*PROMPT*: Look through the entries below for the string "Your", and copy each line where it is found.

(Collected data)
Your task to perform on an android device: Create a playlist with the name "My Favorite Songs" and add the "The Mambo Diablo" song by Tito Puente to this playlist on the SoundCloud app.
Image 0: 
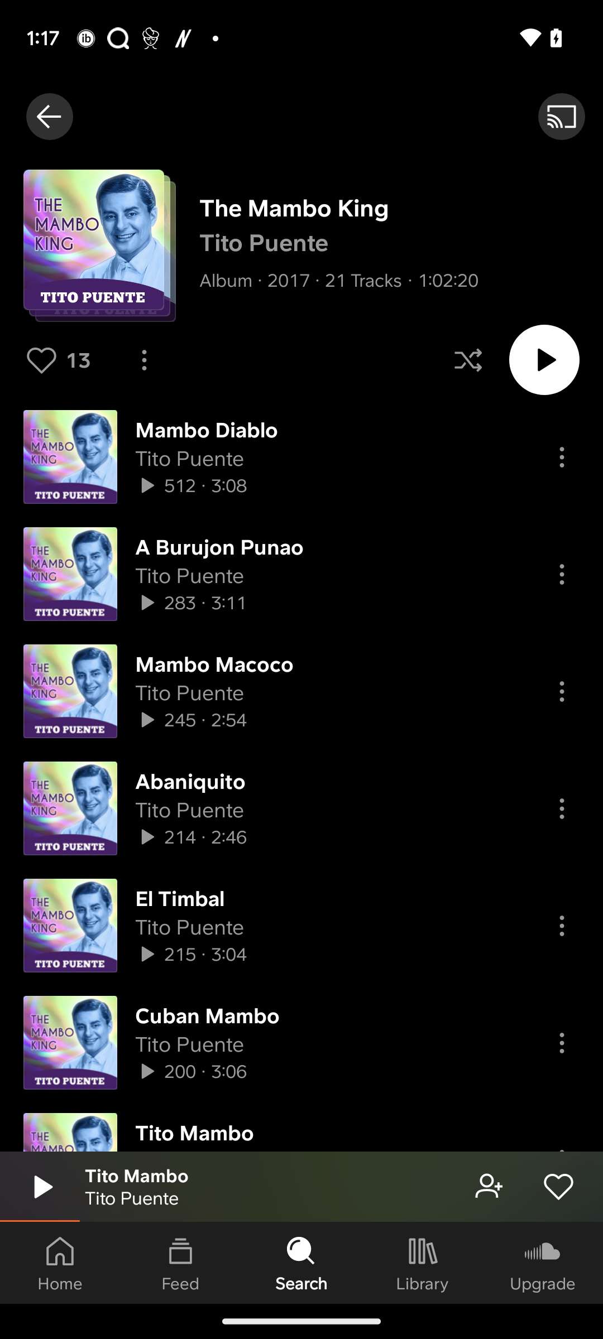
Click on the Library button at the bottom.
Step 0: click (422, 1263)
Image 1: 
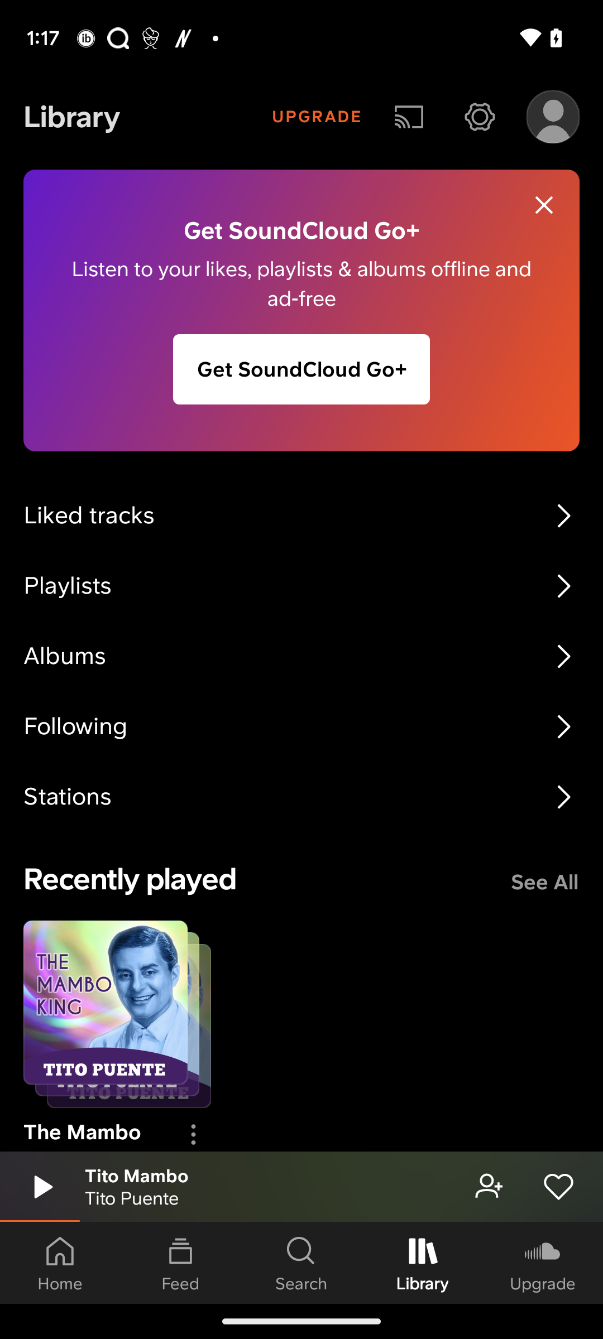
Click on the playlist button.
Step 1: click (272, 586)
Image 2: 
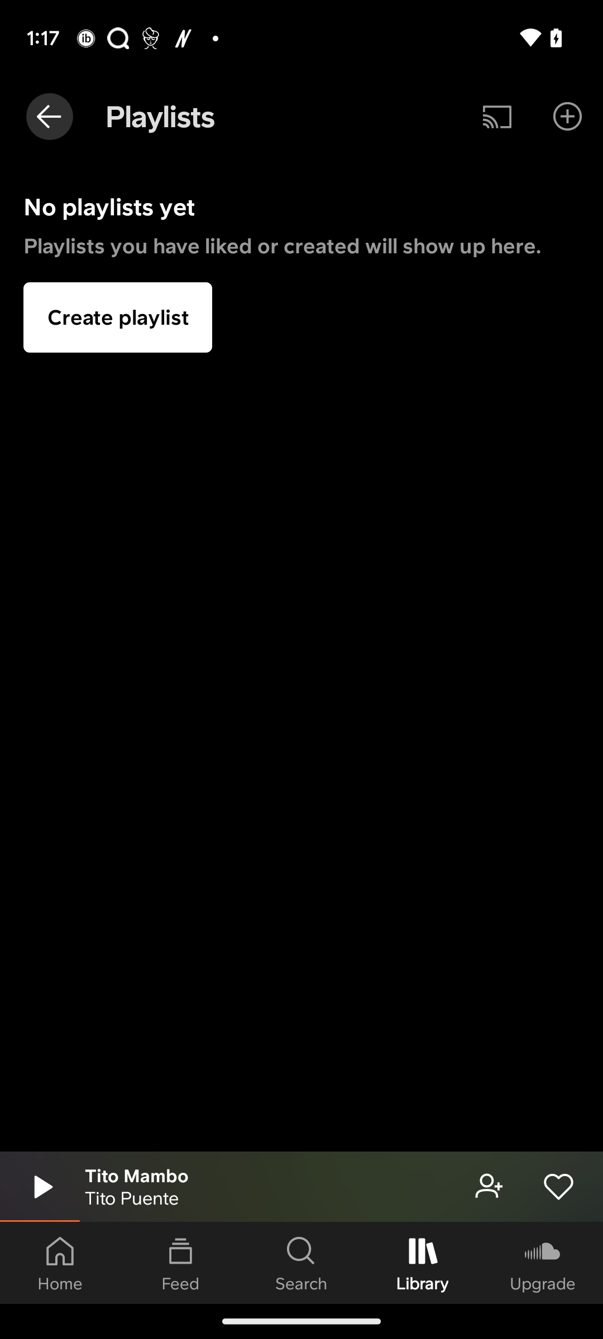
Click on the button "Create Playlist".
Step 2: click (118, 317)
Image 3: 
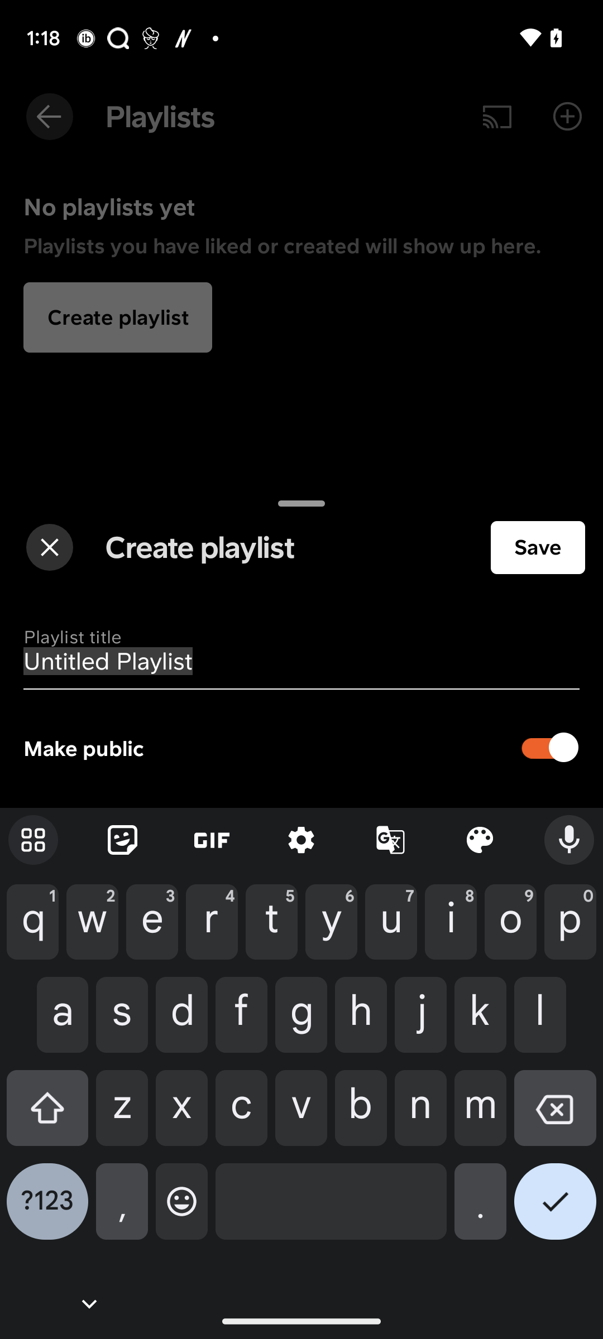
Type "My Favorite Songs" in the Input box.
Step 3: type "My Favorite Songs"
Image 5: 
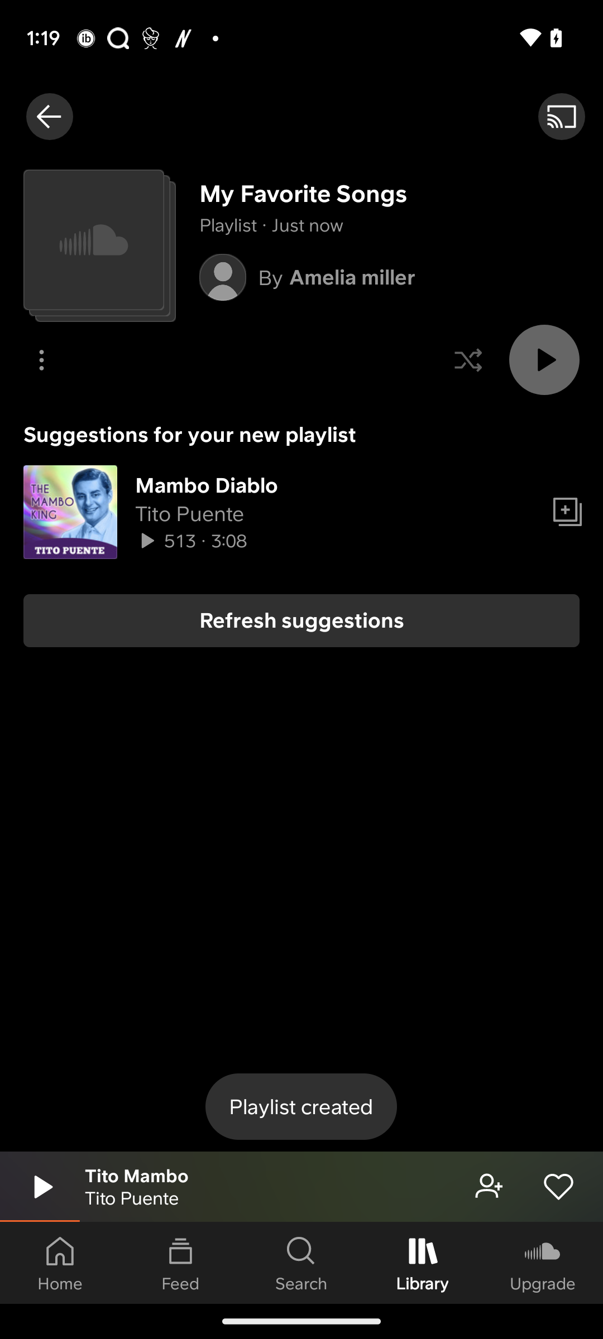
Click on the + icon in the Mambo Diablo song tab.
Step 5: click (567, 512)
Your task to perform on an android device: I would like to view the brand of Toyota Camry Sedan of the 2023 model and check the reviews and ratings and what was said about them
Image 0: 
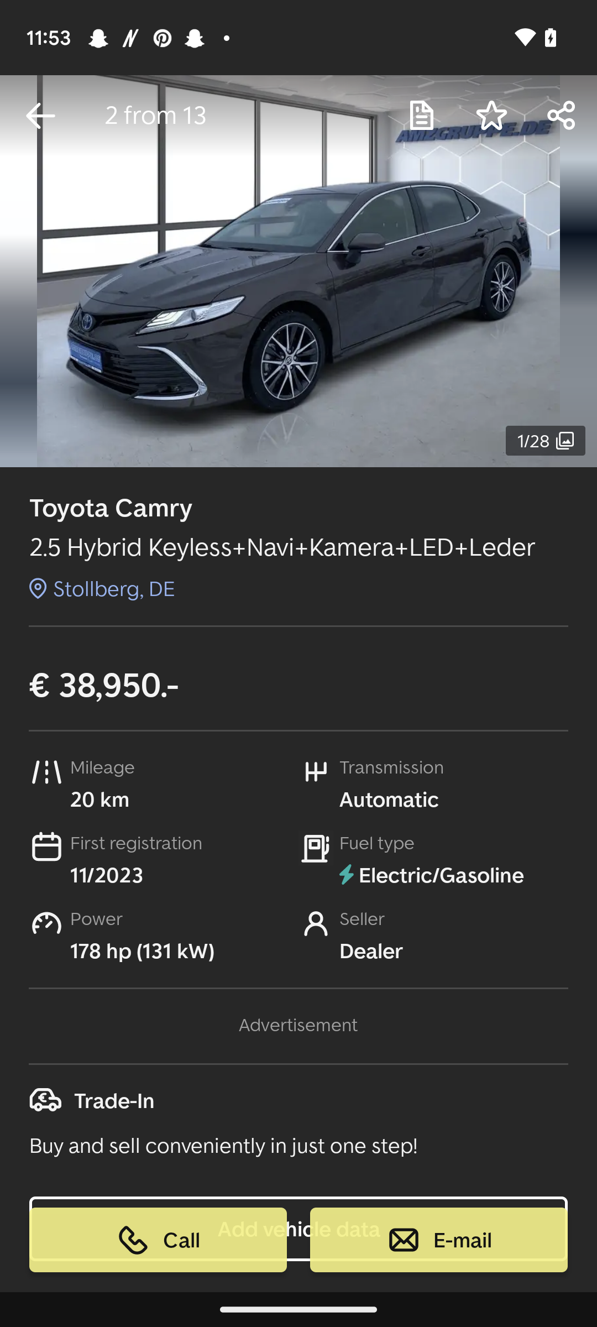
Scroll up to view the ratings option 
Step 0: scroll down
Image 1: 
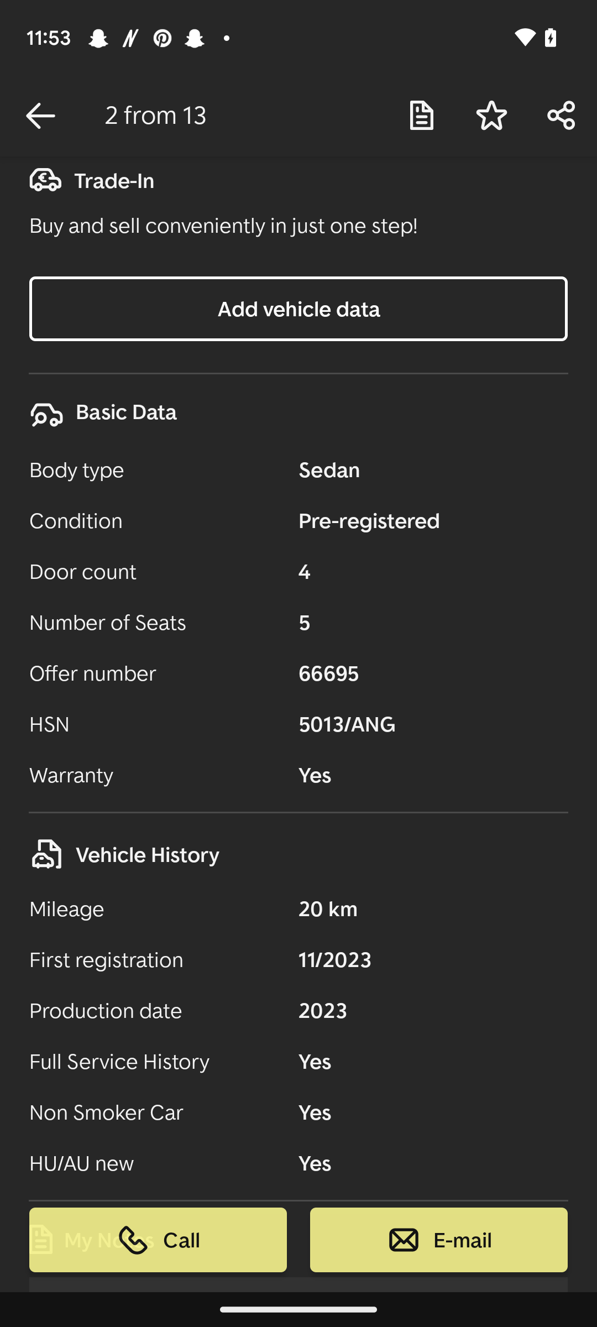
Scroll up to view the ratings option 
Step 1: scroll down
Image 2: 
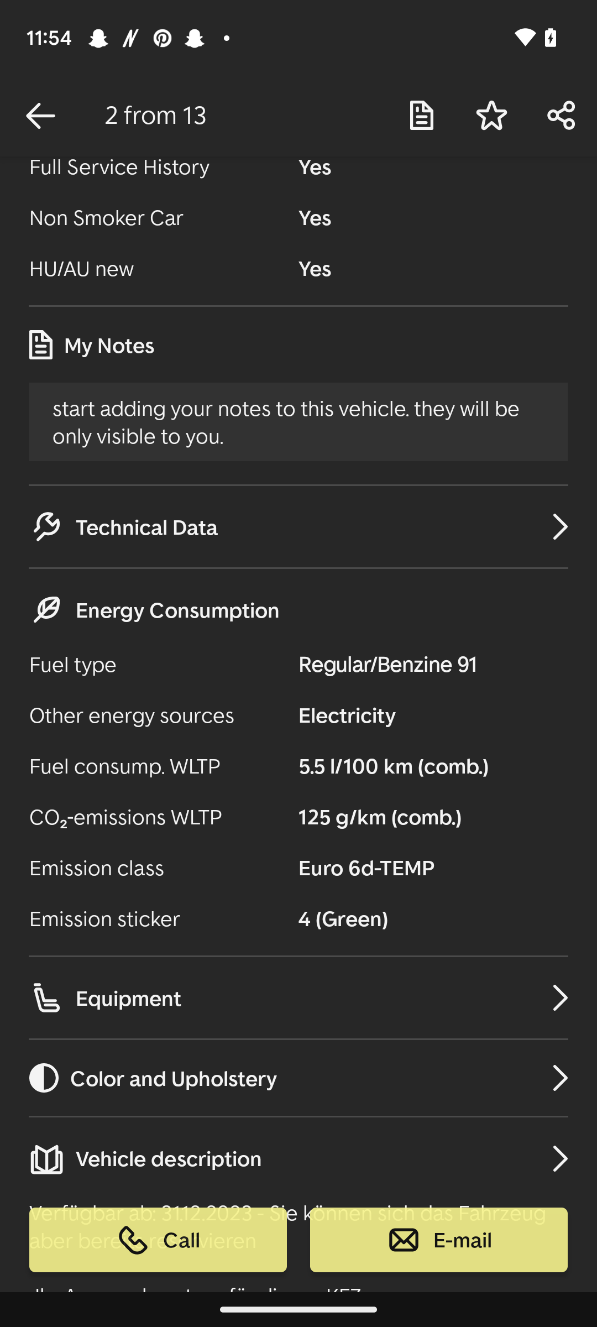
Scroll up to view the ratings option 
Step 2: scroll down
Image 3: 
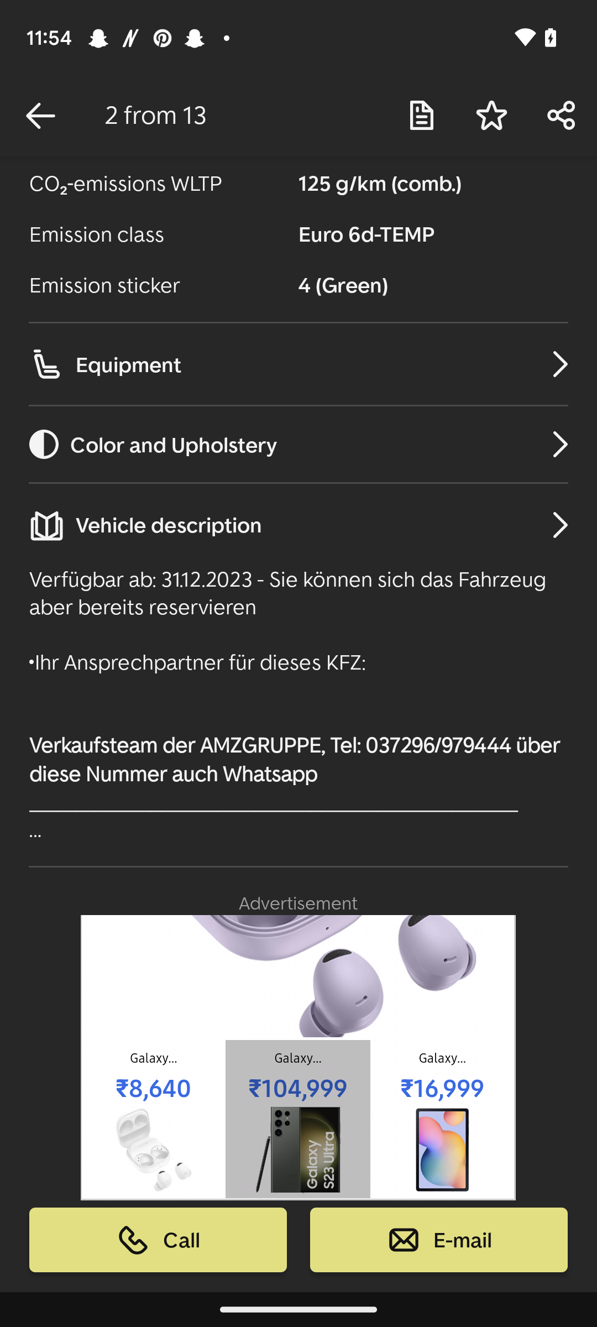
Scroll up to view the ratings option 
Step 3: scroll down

*WRITTEN RESPONSE*:
Your task to perform on an android device: Create a playlist with the name "My Favorite Songs" and add the "The Mambo Diablo" song by Tito Puente to this playlist on the SoundCloud app.
Your task to perform on an android device: I would like to view the brand of Toyota Camry Sedan of the 2023 model and check the reviews and ratings and what was said about them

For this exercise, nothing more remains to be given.